||In many parallel programs, run-time data redistribution is usually required to enhance data locality and reduce remote memory access on the distributed memory multicomputers. For the heterogeneous computation environment, irregular data redistributions can be used to adjust data assignment. Since data redistribution is performed at run-time, there is a performance trade-off between the efficiency of the new data distribution for a subsequent phase of an algorithm and the cost of redistributing array among processors. Thus, efficient methods for performing data redistribution are of great importance for the development of distributed memory compilers for data-parallel programming languages.|
For the regular data redistribution, two approaches are presented in this dissertation, indexing approach and packing/unpacking approach.
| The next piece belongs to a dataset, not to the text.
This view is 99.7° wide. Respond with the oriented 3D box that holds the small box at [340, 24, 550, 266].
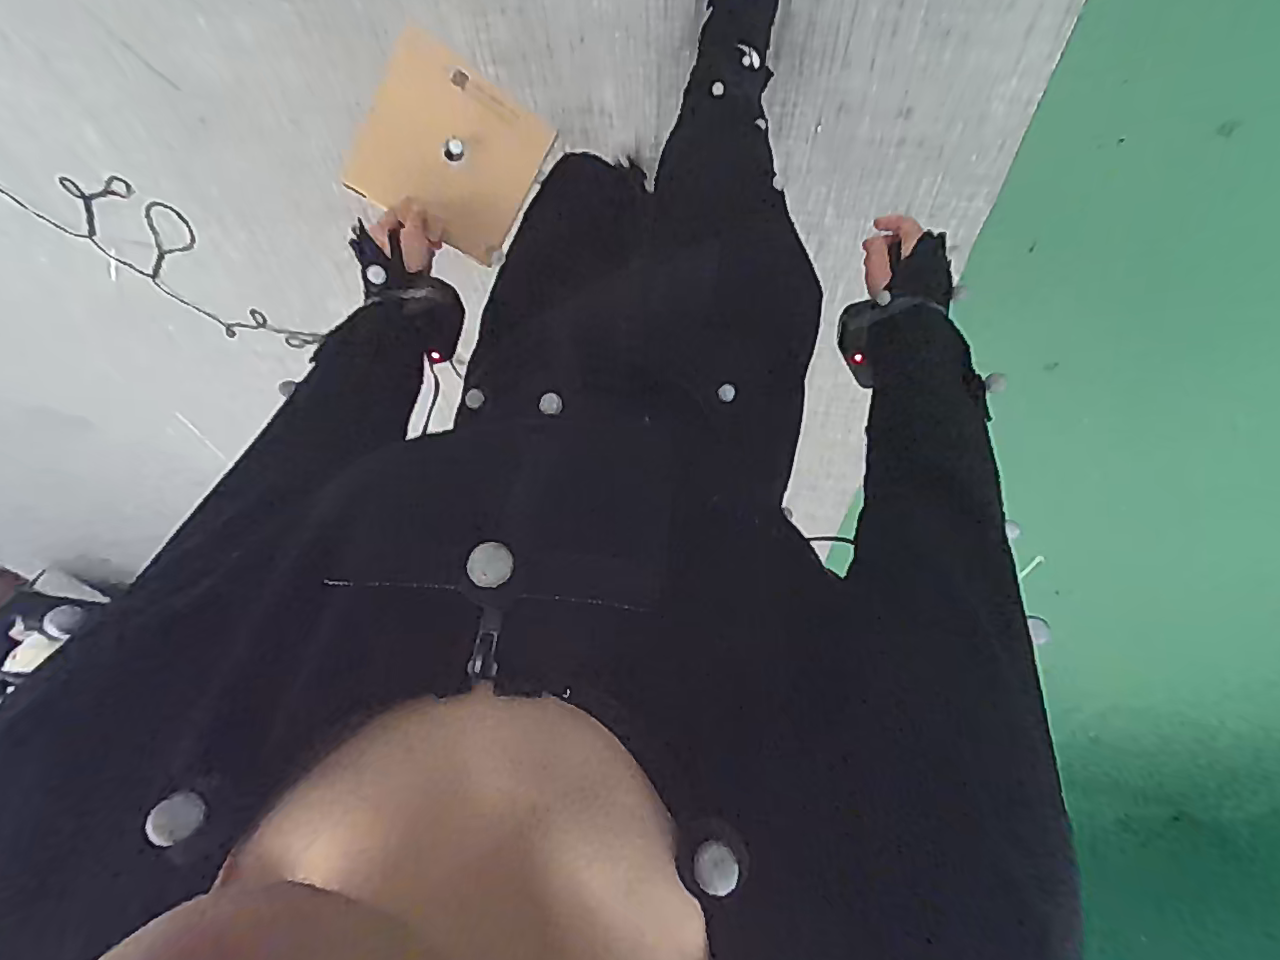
[{"bbox_3d":[-0.222,-0.375,0.633,0.168,0.179,0.176,25,103,-28],"label":"small box"}]

In the indexing approach, we propose a generalized basic-cycle calculation (GBCC) technique to efficiently generate the communication sets for a BLOCK-CYCLIC(s) over P processors to BLOCK-CYCLIC(t) over Q processors data redistribution. In the packing/unpacking approach, we present a User-Defined Types (UDT) method to perform BLOCK-CYCLIC(s) to BLOCK-CYCLIC(t) redistribution, using MPI user-defined datatypes. This method reduces the required memory buffers and avoids unnecessary movement of data. For the irregular data redistribution, in this dissertation, an Essential Cycle Calculation (ECC) method will be presented.
The above methods are originally developed for one dimension array. However, the multi-dimension array can also be performed by simply applying these methods dimension by dimension starting from the first (last) dimension if array is in column-major (row-major).